AIM OF THE EXERCISE:
Determine which lines of the records include the word "this", and copy them.

Saved data entries
*-*-*
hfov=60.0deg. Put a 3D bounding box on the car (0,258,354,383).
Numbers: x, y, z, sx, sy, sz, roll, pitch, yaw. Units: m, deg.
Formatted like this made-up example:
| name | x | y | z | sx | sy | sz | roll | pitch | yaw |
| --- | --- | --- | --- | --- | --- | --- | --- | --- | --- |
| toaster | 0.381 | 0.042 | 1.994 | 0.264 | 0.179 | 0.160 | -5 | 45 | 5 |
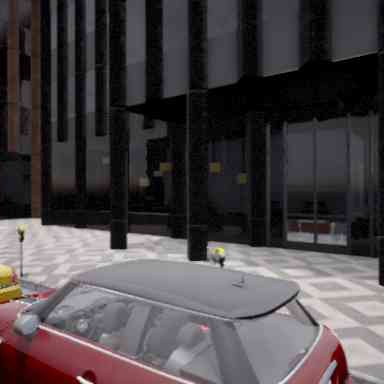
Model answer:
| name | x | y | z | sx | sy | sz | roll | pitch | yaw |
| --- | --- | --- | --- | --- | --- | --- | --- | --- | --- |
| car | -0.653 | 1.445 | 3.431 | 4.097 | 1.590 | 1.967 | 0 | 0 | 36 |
*-*-*
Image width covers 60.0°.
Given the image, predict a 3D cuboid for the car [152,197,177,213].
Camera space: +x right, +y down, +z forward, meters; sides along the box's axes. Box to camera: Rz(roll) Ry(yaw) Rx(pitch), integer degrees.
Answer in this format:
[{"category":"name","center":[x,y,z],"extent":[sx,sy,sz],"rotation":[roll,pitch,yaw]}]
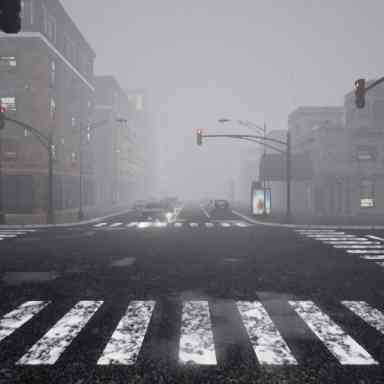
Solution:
*-*-*
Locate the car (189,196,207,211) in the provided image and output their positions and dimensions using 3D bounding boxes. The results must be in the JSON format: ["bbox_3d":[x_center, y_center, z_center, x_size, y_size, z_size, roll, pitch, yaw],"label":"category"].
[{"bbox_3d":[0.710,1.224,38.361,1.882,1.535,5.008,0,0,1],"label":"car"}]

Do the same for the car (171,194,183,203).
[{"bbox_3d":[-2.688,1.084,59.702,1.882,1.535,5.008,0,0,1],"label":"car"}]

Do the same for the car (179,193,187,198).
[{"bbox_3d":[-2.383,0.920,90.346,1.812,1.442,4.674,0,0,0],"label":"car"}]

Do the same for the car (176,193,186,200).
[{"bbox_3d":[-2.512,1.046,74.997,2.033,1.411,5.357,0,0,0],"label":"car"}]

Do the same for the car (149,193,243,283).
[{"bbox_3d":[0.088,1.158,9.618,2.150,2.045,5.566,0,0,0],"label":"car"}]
*-*-*
TASK RESPONSE:
Formatted like this made-up example:
Answer in this format:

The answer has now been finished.